- [WHAT YOU SHOULD DO]
Look through the records below for the line with "text Run: ½" and the line with "text See Sat", then return those lines and all lines between, exactly.
DATA FOR THIS TASK START
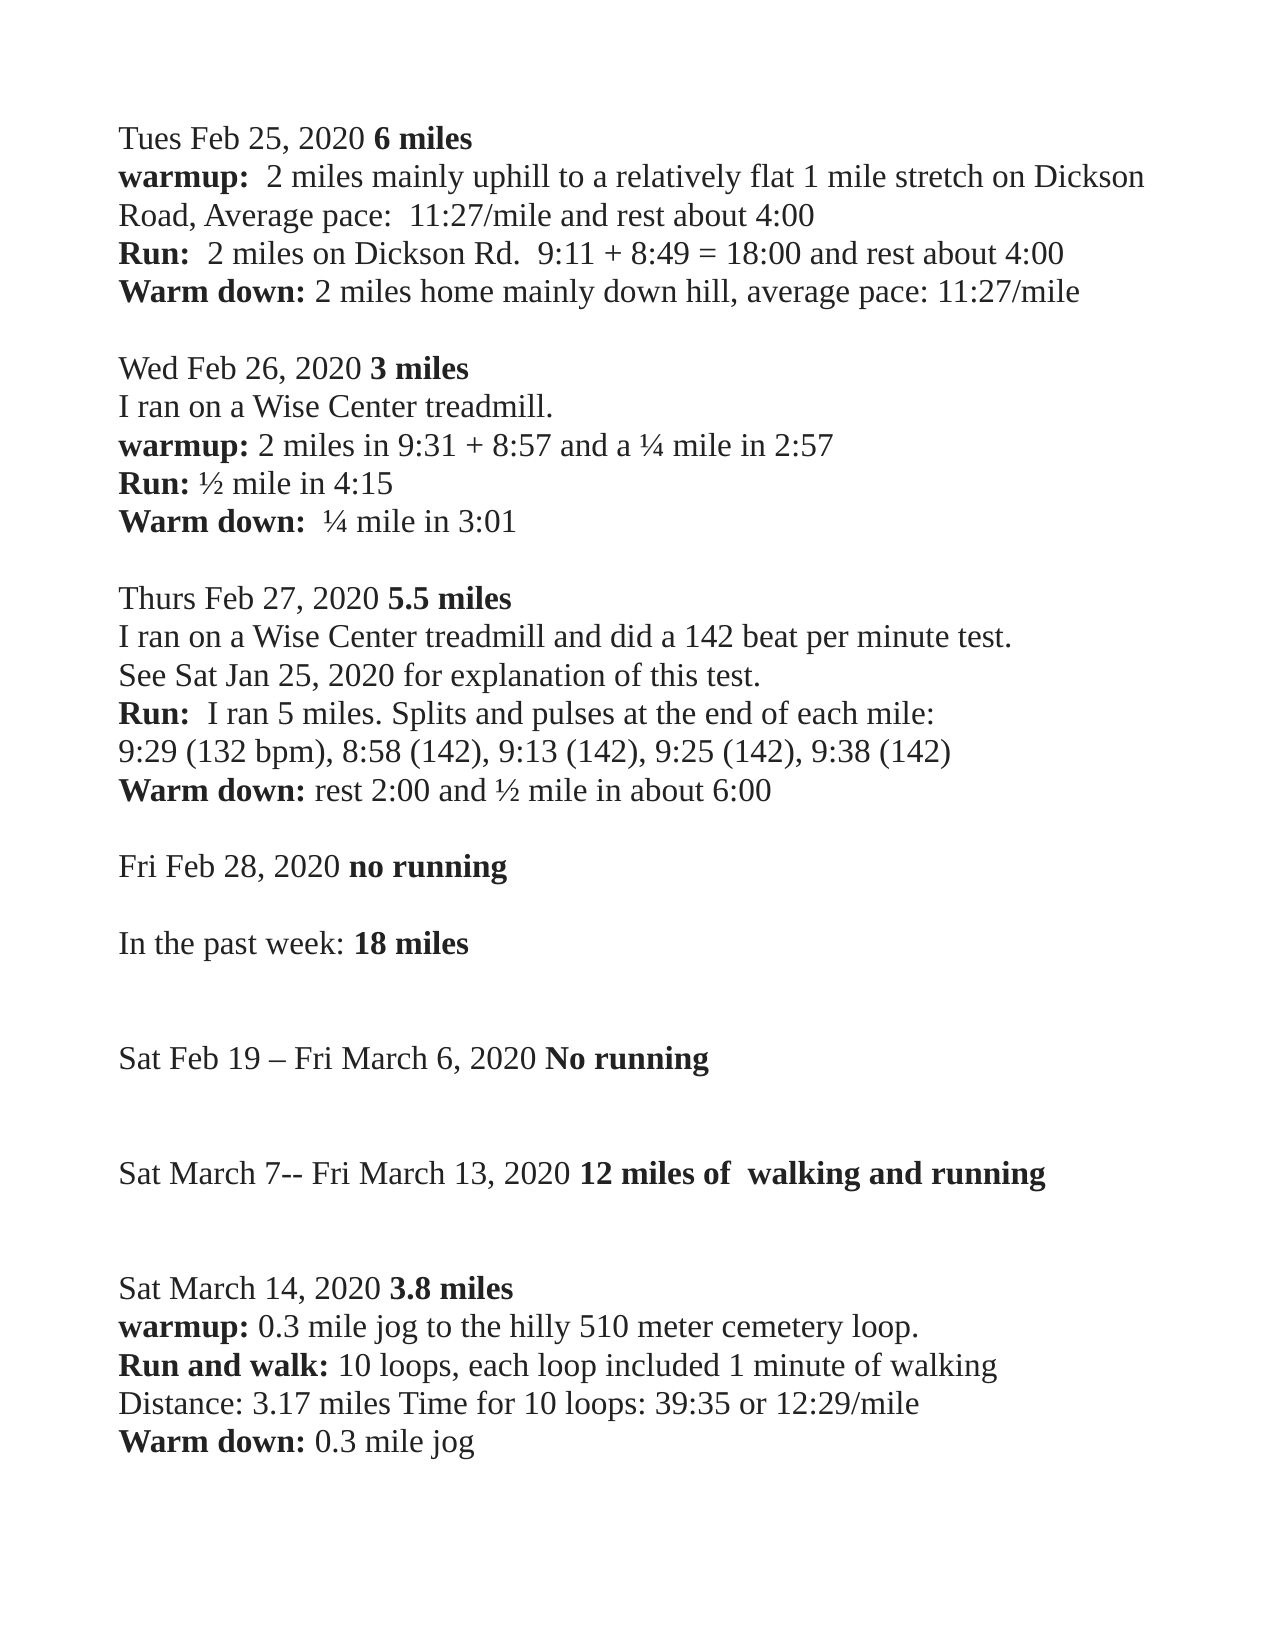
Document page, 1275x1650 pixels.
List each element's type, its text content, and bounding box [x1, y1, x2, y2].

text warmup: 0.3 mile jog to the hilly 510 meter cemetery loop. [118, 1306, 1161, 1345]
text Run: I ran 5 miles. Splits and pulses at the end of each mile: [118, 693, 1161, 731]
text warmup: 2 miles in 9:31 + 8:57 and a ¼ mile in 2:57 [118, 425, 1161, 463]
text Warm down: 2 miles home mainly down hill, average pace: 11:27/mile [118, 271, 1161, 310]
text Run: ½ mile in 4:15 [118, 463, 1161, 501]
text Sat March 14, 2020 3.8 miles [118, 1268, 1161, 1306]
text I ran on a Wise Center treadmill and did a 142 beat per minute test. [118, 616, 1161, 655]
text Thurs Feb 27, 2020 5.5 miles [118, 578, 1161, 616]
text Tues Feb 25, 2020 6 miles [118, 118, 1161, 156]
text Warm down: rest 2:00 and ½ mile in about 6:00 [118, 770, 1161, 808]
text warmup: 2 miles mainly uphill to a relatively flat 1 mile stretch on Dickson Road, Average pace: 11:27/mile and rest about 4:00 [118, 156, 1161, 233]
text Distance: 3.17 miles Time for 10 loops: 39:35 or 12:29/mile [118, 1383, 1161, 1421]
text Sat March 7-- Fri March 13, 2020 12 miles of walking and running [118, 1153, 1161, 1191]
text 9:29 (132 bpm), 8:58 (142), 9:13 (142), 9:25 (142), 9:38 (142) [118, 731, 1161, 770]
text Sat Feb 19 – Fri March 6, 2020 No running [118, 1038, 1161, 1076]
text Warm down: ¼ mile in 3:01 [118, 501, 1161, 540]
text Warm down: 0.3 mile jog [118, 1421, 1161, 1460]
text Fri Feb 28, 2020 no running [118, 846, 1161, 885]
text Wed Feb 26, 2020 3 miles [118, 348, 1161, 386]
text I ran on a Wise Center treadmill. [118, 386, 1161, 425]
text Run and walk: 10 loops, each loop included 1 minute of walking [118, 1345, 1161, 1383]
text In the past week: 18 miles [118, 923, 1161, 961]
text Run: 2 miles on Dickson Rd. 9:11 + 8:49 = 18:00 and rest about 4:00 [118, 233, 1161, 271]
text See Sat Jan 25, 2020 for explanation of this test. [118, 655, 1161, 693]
DATA FOR THIS TASK END
DATA FOR THIS TASK START
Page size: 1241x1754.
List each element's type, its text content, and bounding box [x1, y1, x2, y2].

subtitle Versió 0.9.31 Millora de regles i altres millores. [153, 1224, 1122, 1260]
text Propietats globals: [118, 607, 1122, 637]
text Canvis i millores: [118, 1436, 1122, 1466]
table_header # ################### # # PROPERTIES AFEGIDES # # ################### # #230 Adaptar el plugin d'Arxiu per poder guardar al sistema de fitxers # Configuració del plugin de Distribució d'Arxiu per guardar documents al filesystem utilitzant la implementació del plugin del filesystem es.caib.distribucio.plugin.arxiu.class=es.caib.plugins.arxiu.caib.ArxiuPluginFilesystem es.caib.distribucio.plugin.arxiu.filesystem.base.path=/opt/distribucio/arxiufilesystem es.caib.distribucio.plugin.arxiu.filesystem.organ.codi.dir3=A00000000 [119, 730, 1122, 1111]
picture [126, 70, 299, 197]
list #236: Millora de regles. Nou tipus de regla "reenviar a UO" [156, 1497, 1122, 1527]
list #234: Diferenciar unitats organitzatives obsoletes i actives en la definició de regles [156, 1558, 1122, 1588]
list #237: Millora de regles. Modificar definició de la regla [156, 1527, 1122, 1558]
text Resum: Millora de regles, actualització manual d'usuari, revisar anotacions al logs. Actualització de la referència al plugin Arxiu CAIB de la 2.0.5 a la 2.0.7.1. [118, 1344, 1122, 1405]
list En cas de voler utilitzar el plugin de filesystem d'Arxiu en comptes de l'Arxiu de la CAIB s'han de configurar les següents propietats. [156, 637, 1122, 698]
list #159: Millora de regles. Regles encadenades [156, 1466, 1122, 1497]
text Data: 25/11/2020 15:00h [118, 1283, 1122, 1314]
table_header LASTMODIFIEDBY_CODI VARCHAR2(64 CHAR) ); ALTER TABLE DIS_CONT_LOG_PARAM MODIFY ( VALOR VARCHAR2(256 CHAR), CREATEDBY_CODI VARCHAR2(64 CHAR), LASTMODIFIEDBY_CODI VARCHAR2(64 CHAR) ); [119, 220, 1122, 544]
DATA FOR THIS TASK END
- [EXERCISE RESPONSE]
text Run: ½ mile in 4:15 [118, 463, 1161, 501]
text Sat March 14, 2020 3.8 miles [118, 1268, 1161, 1306]
text I ran on a Wise Center treadmill and did a 142 beat per minute test. [118, 616, 1161, 655]
text Thurs Feb 27, 2020 5.5 miles [118, 578, 1161, 616]
text Tues Feb 25, 2020 6 miles [118, 118, 1161, 156]
text Warm down: rest 2:00 and ½ mile in about 6:00 [118, 770, 1161, 808]
text warmup: 2 miles mainly uphill to a relatively flat 1 mile stretch on Dickson Road, Average pace: 11:27/mile and rest about 4:00 [118, 156, 1161, 233]
text Distance: 3.17 miles Time for 10 loops: 39:35 or 12:29/mile [118, 1383, 1161, 1421]
text Sat March 7-- Fri March 13, 2020 12 miles of walking and running [118, 1153, 1161, 1191]
text 9:29 (132 bpm), 8:58 (142), 9:13 (142), 9:25 (142), 9:38 (142) [118, 731, 1161, 770]
text Sat Feb 19 – Fri March 6, 2020 No running [118, 1038, 1161, 1076]
text Warm down: ¼ mile in 3:01 [118, 501, 1161, 540]
text Warm down: 0.3 mile jog [118, 1421, 1161, 1460]
text Fri Feb 28, 2020 no running [118, 846, 1161, 885]
text Wed Feb 26, 2020 3 miles [118, 348, 1161, 386]
text I ran on a Wise Center treadmill. [118, 386, 1161, 425]
text Run and walk: 10 loops, each loop included 1 minute of walking [118, 1345, 1161, 1383]
text In the past week: 18 miles [118, 923, 1161, 961]
text Run: 2 miles on Dickson Rd. 9:11 + 8:49 = 18:00 and rest about 4:00 [118, 233, 1161, 271]
text See Sat Jan 25, 2020 for explanation of this test. [118, 655, 1161, 693]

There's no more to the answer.